Musharraf’s problems are compounded by the fact that he has not been able to effectively sell his agenda for either political reform or the peace process. While the political opposition will not lose any chance to pull him down by accusing him of a sell-out, even the commitment of his own camp followers is suspect. His political partners – the ruling PML – are conservative with leanings towards fundamentalists and even as Musharraf raves and rants against radical Islamists, his own ministers, like Ejazul Haq (son of Ziaul Haque) pay eulogies to suicide bombers and express the desire to follow their path. He is unable to rope in parties with liberal pretensions like the PPP because of political compulsions. His core constituency – the army – too is not very comfortable with the direction and pace he is setting, especially since there is very little on offer as far as the ‘core issue’ of Kashmir is concerned. Another major problem Musharraf suffers from is that like any military officer he believes that once he has issued orders they are deemed to have been implemented. But this is hardly the case, with the bureaucracy and intelligence agencies playing their own games, especially when it comes to cracking down on the jihadi groups which they have nurtured for so long. This factor, coupled with exigencies of politics, that has often forced him to backtrack on some steps he has announced with great fanfare, has dented his credibility.

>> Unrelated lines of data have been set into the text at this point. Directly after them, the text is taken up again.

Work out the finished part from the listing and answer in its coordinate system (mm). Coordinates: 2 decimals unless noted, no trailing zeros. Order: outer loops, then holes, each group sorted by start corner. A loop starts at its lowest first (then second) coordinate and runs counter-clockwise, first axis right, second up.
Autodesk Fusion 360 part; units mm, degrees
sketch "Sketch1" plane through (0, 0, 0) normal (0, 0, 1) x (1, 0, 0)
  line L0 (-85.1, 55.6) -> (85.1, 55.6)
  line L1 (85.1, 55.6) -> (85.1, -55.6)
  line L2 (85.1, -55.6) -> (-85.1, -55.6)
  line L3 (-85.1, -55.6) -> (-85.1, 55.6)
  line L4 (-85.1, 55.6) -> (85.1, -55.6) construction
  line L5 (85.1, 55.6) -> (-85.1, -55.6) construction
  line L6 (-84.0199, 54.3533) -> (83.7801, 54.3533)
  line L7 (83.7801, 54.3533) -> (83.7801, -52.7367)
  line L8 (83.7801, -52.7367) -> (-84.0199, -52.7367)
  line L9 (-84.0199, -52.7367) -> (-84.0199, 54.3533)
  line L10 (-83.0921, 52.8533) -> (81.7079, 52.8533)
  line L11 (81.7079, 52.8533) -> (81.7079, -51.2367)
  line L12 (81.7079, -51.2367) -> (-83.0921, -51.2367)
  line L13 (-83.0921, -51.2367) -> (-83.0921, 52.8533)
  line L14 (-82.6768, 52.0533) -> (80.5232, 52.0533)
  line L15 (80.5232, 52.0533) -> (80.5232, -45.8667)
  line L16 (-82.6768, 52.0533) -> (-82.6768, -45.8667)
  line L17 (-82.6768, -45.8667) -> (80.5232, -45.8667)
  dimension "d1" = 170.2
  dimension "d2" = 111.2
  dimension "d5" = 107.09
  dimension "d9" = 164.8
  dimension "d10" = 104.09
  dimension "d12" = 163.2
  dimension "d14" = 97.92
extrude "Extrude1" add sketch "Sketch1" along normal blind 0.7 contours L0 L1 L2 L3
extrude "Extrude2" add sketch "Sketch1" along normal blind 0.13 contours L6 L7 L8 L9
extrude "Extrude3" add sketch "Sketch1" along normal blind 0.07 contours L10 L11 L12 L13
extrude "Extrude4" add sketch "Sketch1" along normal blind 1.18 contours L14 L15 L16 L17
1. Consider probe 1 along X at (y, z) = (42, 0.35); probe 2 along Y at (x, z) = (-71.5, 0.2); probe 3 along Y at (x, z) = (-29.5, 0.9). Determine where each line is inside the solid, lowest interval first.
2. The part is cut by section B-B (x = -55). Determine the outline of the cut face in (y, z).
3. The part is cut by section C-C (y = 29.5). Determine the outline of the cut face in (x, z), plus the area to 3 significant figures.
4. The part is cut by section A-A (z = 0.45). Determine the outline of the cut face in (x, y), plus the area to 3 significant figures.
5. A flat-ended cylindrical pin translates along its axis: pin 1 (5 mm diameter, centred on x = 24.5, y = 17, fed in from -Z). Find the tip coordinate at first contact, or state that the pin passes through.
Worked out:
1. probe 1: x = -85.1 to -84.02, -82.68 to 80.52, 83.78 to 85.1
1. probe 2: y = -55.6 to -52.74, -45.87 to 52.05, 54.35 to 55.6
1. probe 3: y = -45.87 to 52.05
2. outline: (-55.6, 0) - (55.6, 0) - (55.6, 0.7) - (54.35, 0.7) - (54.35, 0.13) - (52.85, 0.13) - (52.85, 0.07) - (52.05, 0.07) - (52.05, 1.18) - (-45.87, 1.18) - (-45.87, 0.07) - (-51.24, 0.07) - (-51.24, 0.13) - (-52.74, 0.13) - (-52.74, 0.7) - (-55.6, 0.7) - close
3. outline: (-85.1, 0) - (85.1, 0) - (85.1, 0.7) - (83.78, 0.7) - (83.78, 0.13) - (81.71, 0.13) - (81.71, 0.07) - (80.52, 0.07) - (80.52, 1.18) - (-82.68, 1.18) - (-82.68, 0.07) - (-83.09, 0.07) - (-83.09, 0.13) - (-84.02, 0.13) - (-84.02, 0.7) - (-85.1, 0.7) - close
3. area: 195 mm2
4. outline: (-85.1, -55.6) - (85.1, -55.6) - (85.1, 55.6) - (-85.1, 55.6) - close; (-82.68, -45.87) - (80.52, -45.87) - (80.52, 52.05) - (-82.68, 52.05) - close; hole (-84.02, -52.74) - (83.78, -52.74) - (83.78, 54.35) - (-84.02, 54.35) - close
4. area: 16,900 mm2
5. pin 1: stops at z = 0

The big question therefore is: can Musharraf deliver? As things stand, Musharraf is fast running out of both time and options. His efforts to politically and socially isolate the jihadis have not worked. Nor have attempts to tighten the leash on the Islamists by banning radical groups, withdrawing open state patronage to them, closing down their fund collection machinery, and asking jihadis to furnish certificates of good behavior. Since the Islamists are simply not going to fade away from the scene, the only real option left is to eliminate them and their poisonous ideology by carrying out a Stalinist purge against them. But this will have massive political and social repercussions and could well ‘capsize the boat of the Pakistani state’.

The critical question before India and the West is how they can push Musharraf to do what is required to close down the Jihad factory in Pakistan. At the same time, they will have to devise measures that make Musharraf’s task easier, but without compromising either their commitment against Islamic terrorism or their own vital national and security interests. If India and the West give up on Musharraf now and don’t help him pull Pakistan out of the spiral of Islamic radicalism in which the country is caught, there is a real danger of losing an excellent opportunity to bring back from the brink ‘the most dangerous country in the world’.